#### [WHAT TO DO]
Reproduce each line of the following material exactly, omitting the images.
(RECORDS SHOWN)
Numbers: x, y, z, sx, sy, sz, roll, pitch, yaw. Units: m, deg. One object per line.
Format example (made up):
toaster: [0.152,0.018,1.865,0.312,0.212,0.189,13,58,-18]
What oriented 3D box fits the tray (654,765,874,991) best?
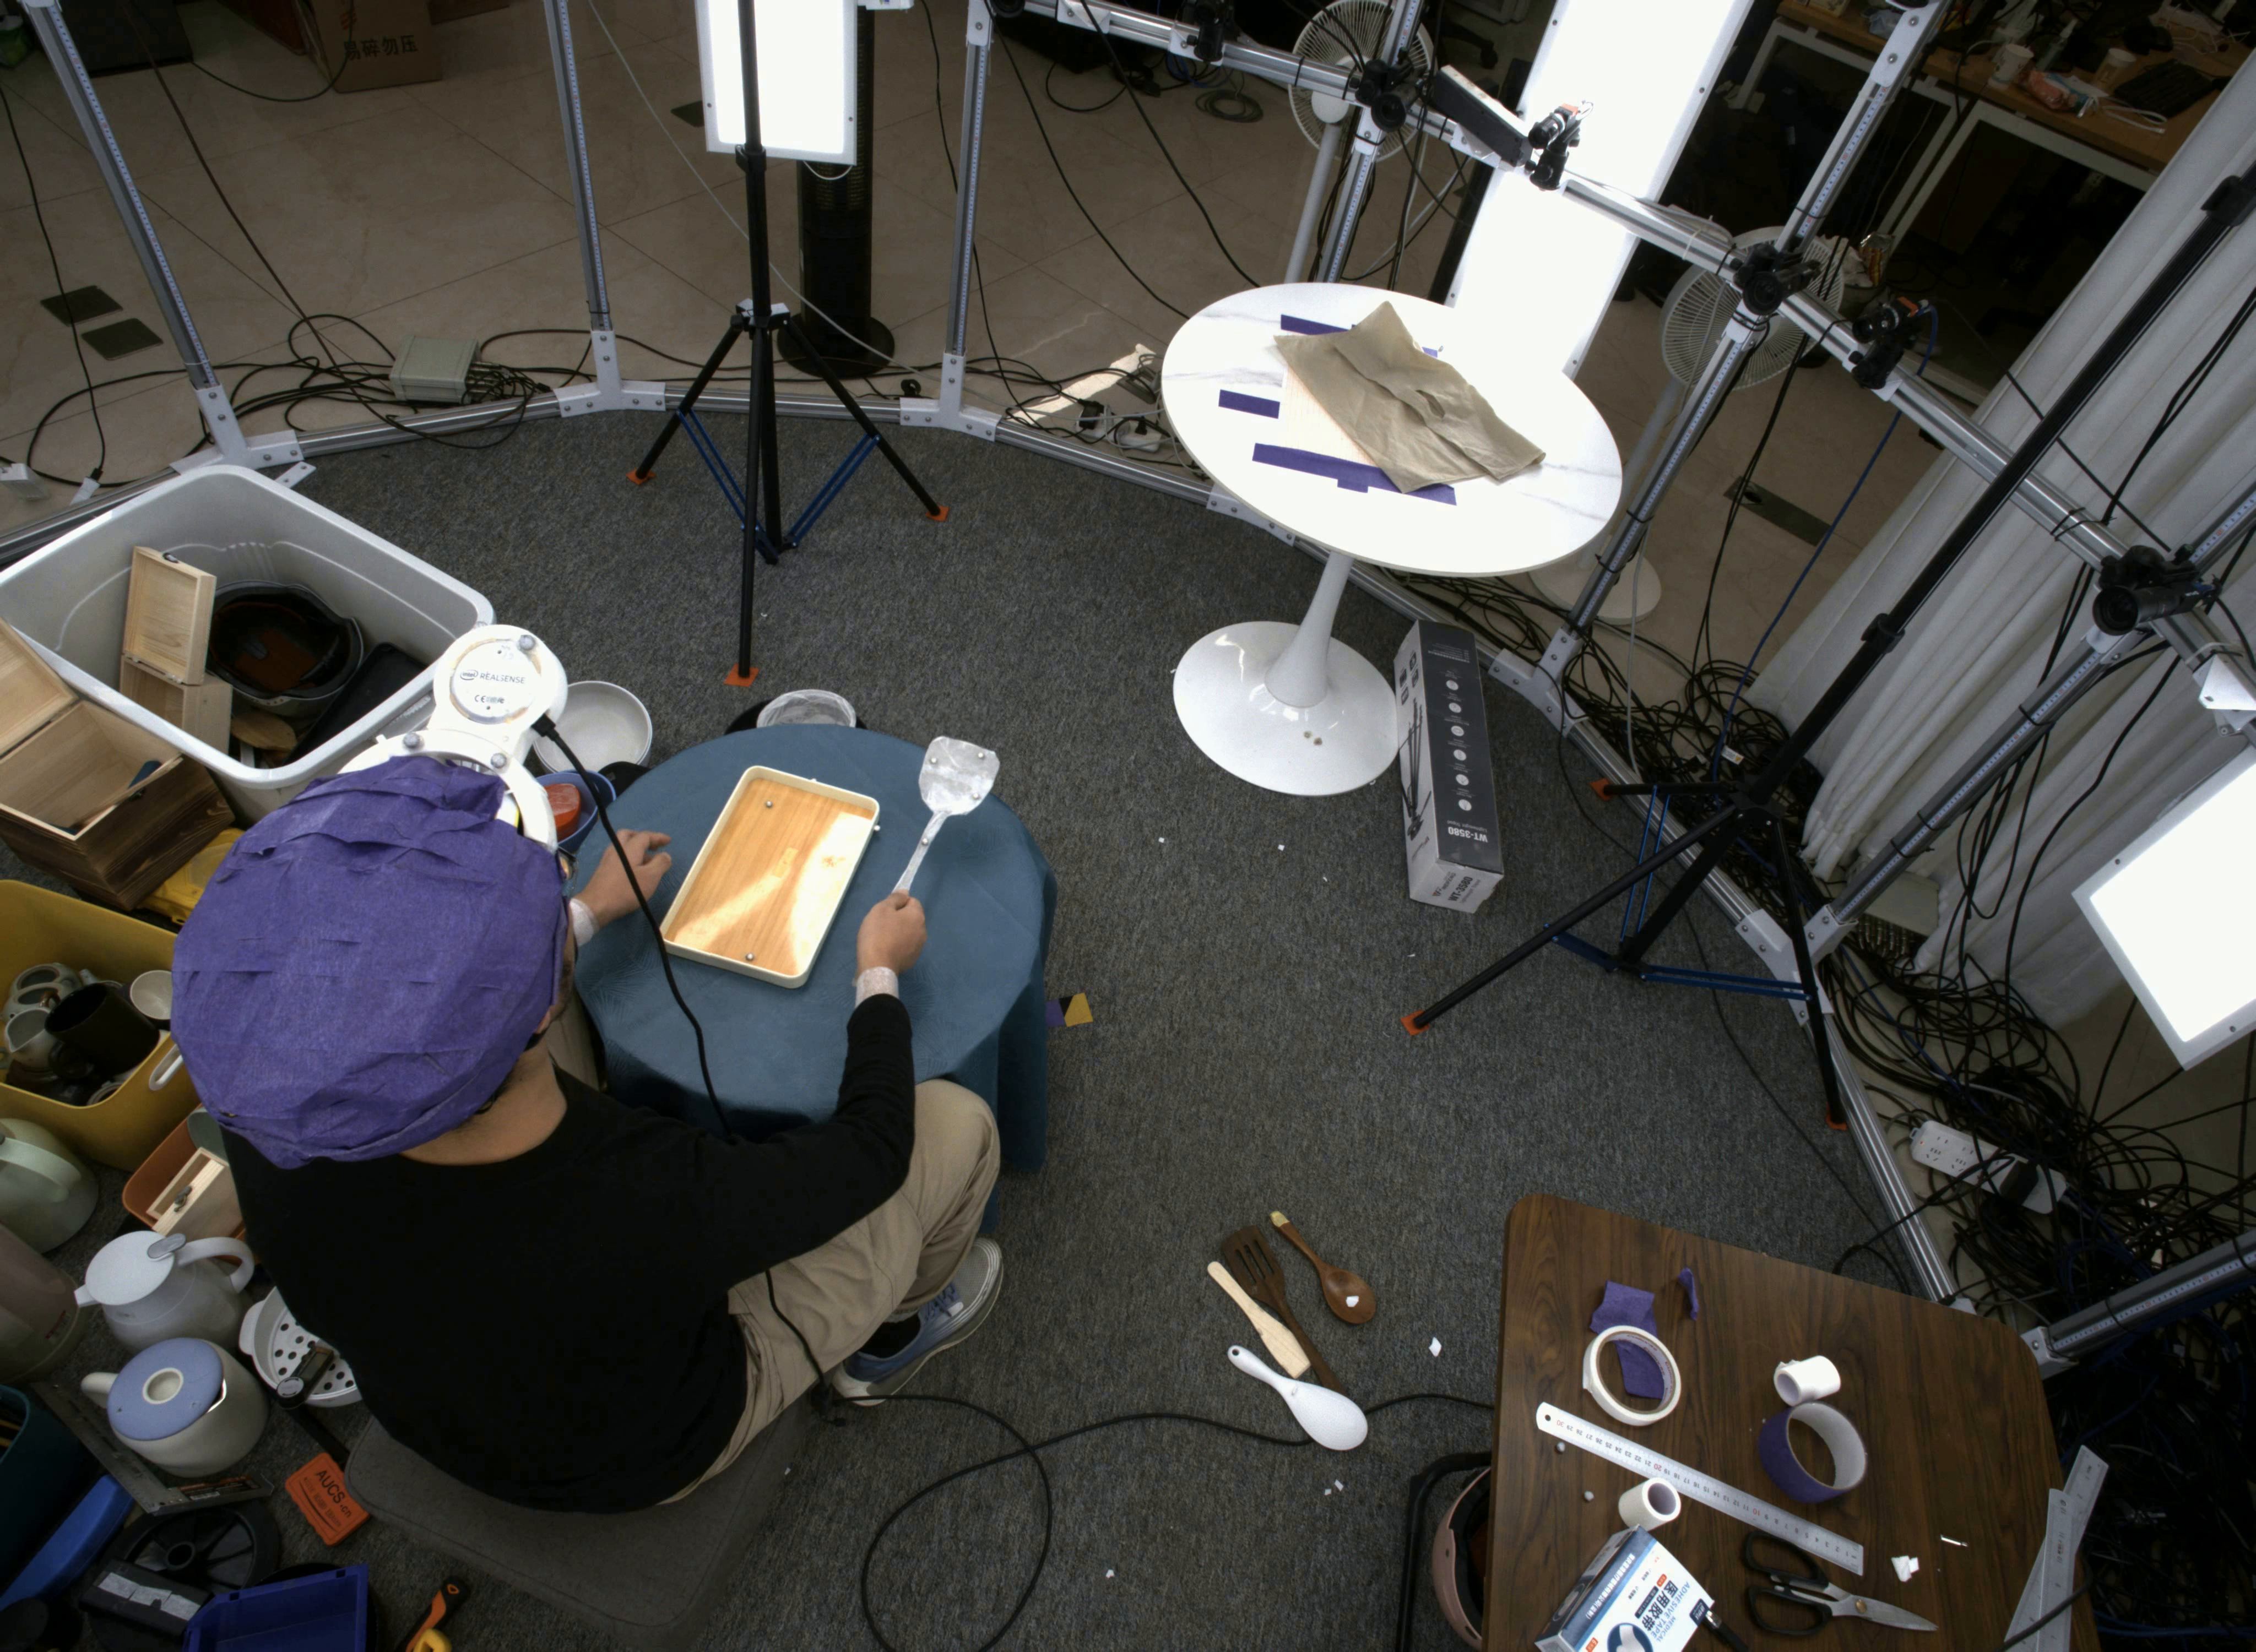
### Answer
tray: [-0.457,0.058,1.649,0.190,0.028,0.296,17,52,-2]

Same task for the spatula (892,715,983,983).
spatula: [-0.252,0.021,1.626,0.097,0.046,0.360,2,58,9]
(End RECORDS SHOWN)
#### [THE ANSWER]
Numbers: x, y, z, sx, sy, sz, roll, pitch, yaw. Units: m, deg. One object per line.
Format example (made up):
toaster: [0.152,0.018,1.865,0.312,0.212,0.189,13,58,-18]
What oriented 3D box fits the tray (654,765,874,991) best?
### Answer
tray: [-0.457,0.058,1.649,0.190,0.028,0.296,17,52,-2]

Same task for the spatula (892,715,983,983).
spatula: [-0.252,0.021,1.626,0.097,0.046,0.360,2,58,9]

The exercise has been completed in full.